Co-localization of CD133 and IL-6R was demonstrated in the dividing cells. Some cells indicated an unequal distribution of CD133. Normal tissue homeostasis is maintained through asymmetric cell divisions that produce daughter cells with differing self-renewal and differentiation potentials [30]. Certain tumor cell subfractions can self-renew and repopulate the heterogeneous tumor bulk, suggestive of asymmetric cell division, but an equally plausible explanation is that daughter cells of a symmetric division subsequently adopt differing cell fates [30]. Asymmetric cell division is a proposed mechanism to maintain CSCs. Lathia et al. [31] utilized glioma stem cells (GSCs) for two cell division modes. Through a symmetric cell division, two GSCs were generated. The other mode is to generate one GSC and one non-GSC through an asymmetric cell division. This division mode would contribute to increased cellular heterogeneity of the tumor, while still maintaining a GSC pool [31]. Co-localization of CD133 and IL-6R may play an important role of cell division. Further studies are required to understand the relationship between symmetric cell division and CSCs.

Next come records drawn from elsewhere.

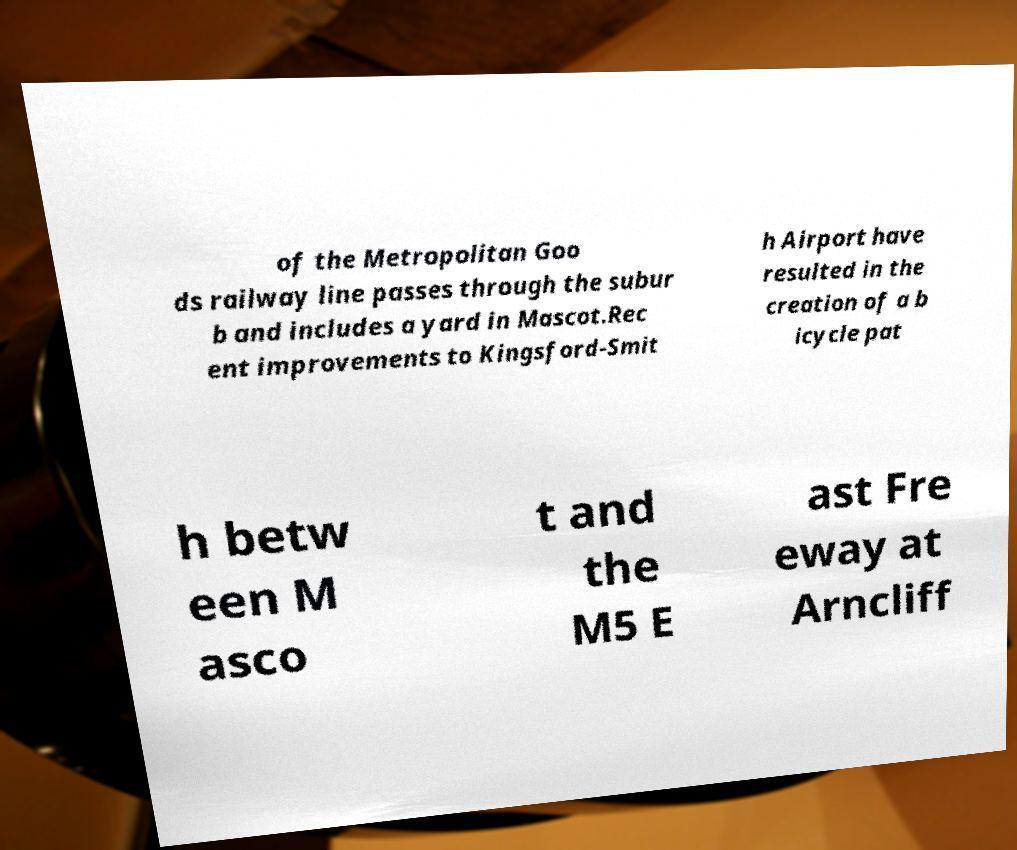Could you extract and type out the text from this image? of the Metropolitan Goo ds railway line passes through the subur b and includes a yard in Mascot.Rec ent improvements to Kingsford-Smit h Airport have resulted in the creation of a b icycle pat h betw een M asco t and the M5 E ast Fre eway at Arncliff 
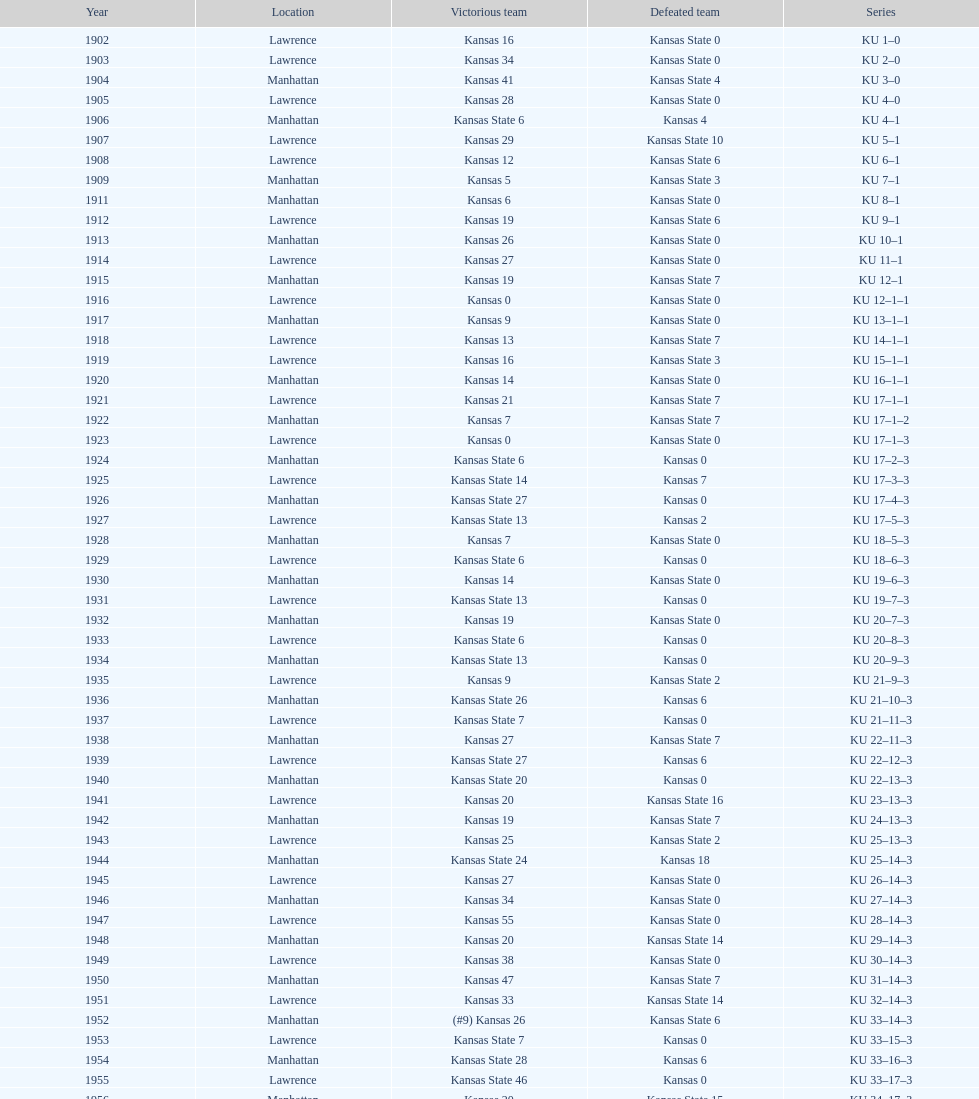How many times did kansas and kansas state play in lawrence from 1902-1968? 34. 
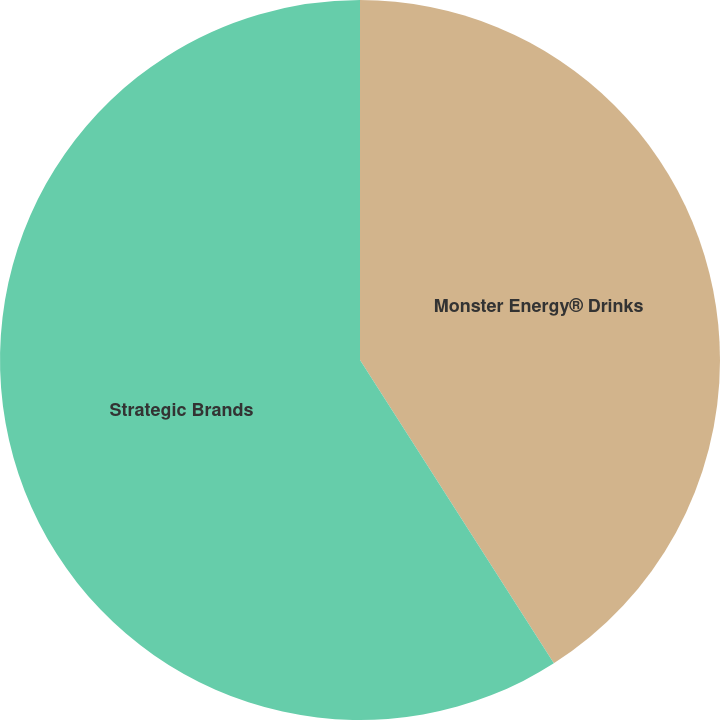Convert chart. <chart><loc_0><loc_0><loc_500><loc_500><pie_chart><fcel>Monster Energy® Drinks<fcel>Strategic Brands<nl><fcel>40.95%<fcel>59.05%<nl></chart> 
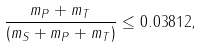<formula> <loc_0><loc_0><loc_500><loc_500>\frac { m _ { P } + m _ { T } } { ( m _ { S } + m _ { P } + m _ { T } ) } \leq 0 . 0 3 8 1 2 ,</formula> 
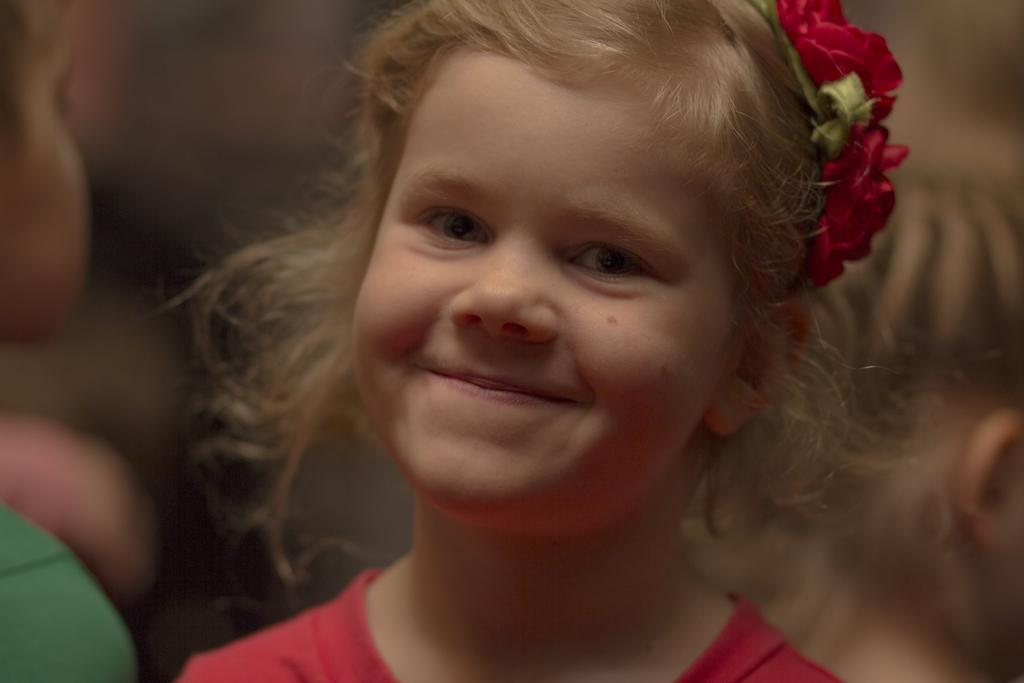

IL-6R has been targeted for cancer treatments, resulting in cell growth inhibition or reduced angiogenesis [32-34]. Wang et al. [27] showed that knockdown of IL-6R diminished stemness and survival of glioma stem cells. Present study suggests that CD133 and IL-6R are targeted for cancer treatments, resulting in inhibition of cell proliferation and increasing apoptosis.
This work was partly supported by the programs of the Grant-in-Aid for Scientific Research (C) from the Japan Society for the Promotion of Science (JSPS) KAKENHI, Grant Number 25462779.